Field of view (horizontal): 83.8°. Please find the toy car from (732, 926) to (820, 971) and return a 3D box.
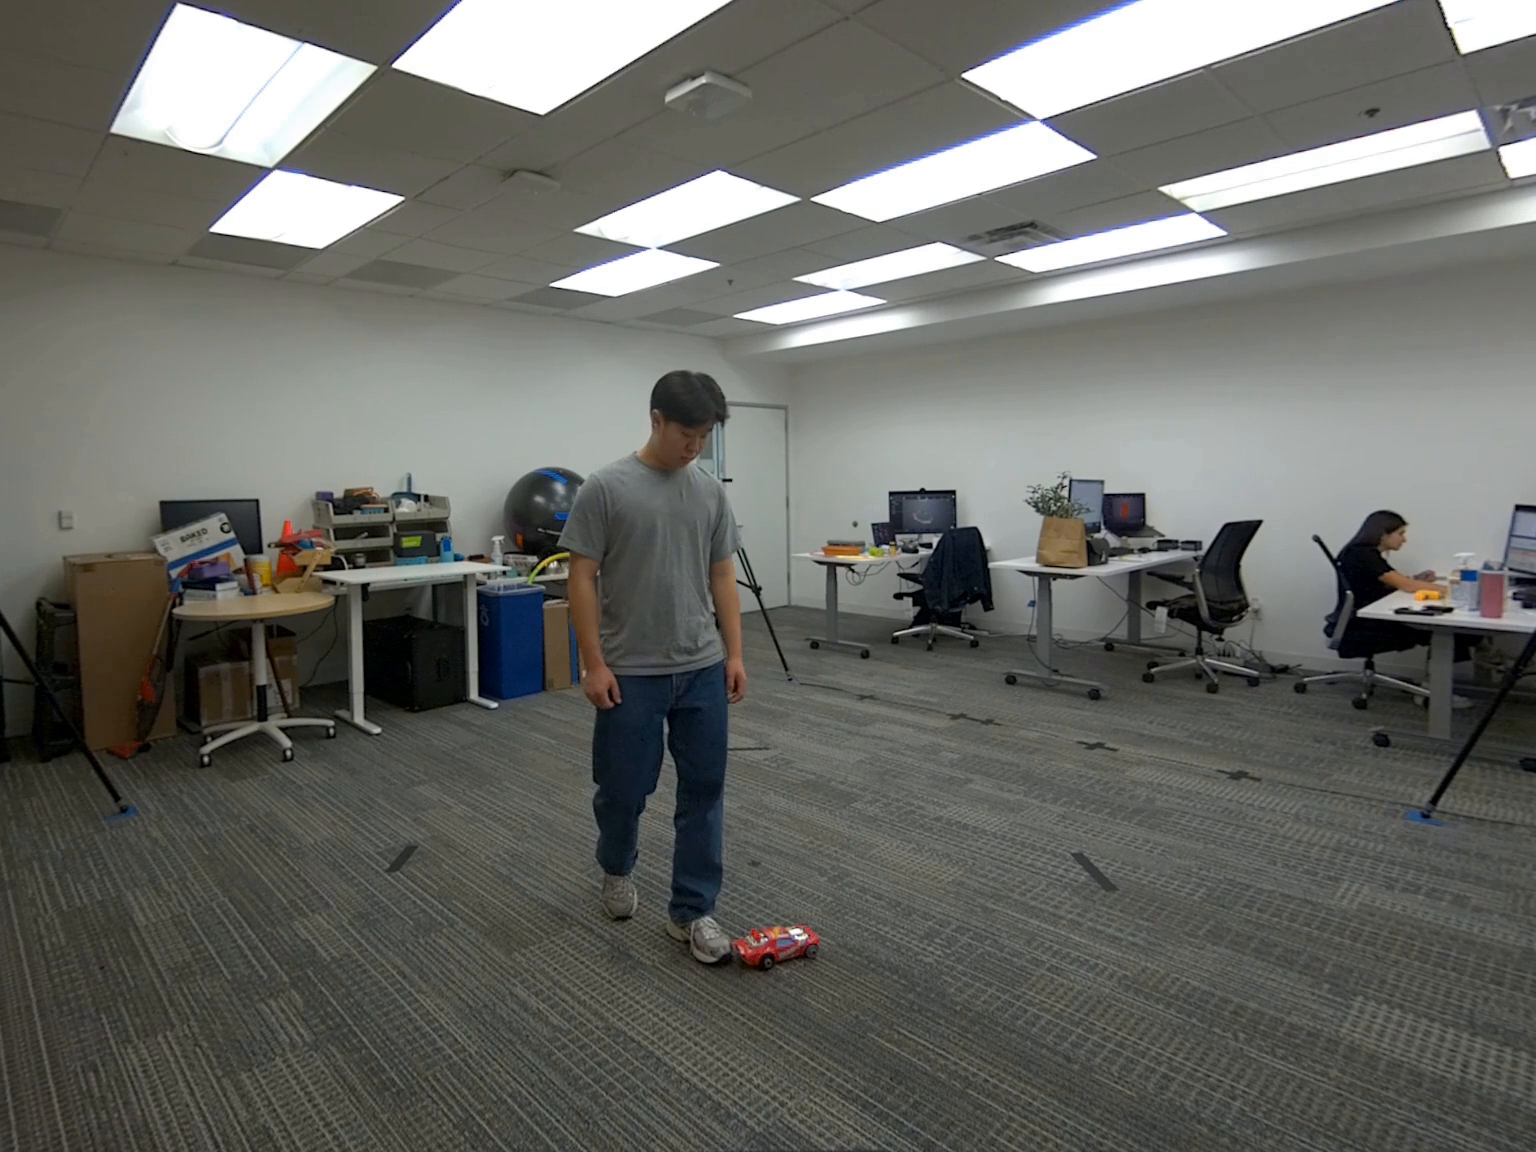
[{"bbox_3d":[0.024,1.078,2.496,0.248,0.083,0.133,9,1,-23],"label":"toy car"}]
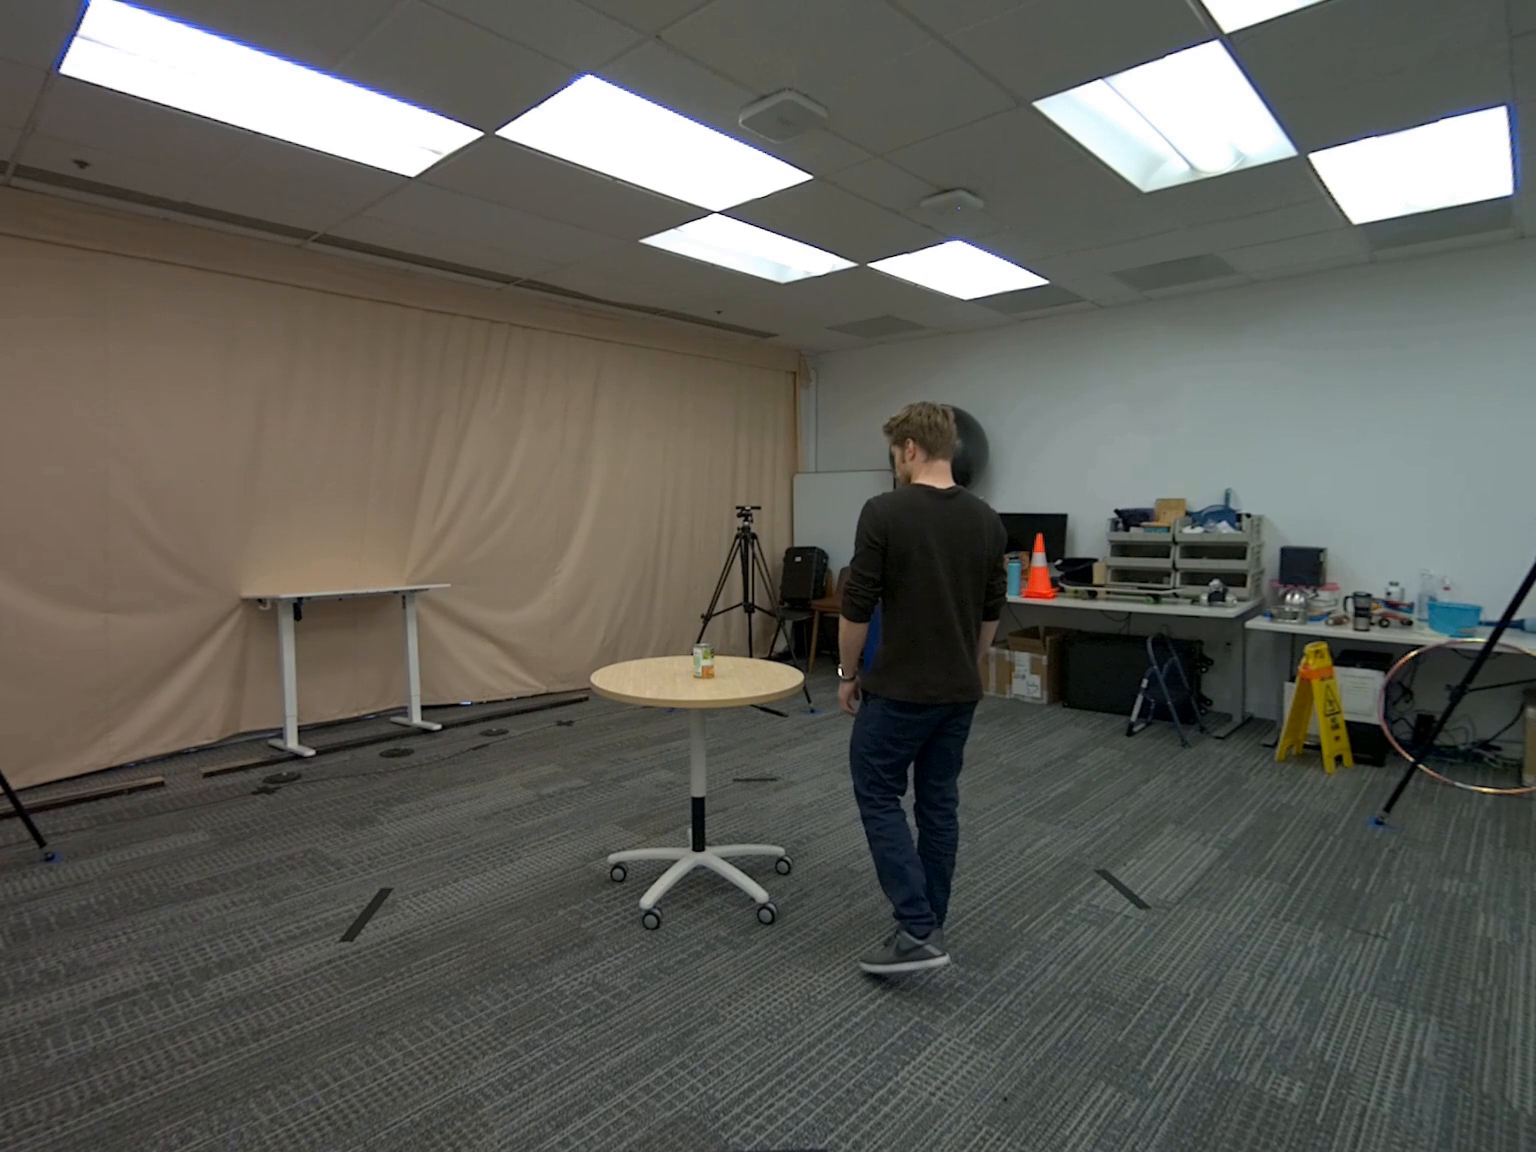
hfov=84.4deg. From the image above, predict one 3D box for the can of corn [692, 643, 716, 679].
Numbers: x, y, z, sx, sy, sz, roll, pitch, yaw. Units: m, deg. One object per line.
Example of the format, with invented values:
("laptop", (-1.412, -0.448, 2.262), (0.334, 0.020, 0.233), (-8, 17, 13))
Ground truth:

_ _ _ _

▶ _Task details_: The task calls for all records to be set down precisely, excluding any images.

▶ _Exercise answer_:
Field of view (horizontal): 83.8°. Please find the toy car from (732, 926) to (820, 971) and return a 3D box.
[{"bbox_3d":[0.024,1.078,2.496,0.248,0.083,0.133,9,1,-23],"label":"toy car"}]
hfov=84.4deg. From the image above, predict one 3D box for the can of corn [692, 643, 716, 679].
Numbers: x, y, z, sx, sy, sz, roll, pitch, yaw. Units: m, deg. One object per line.
Example of the format, with invented values:
("laptop", (-1.412, -0.448, 2.262), (0.334, 0.020, 0.233), (-8, 17, 13))
Ground truth:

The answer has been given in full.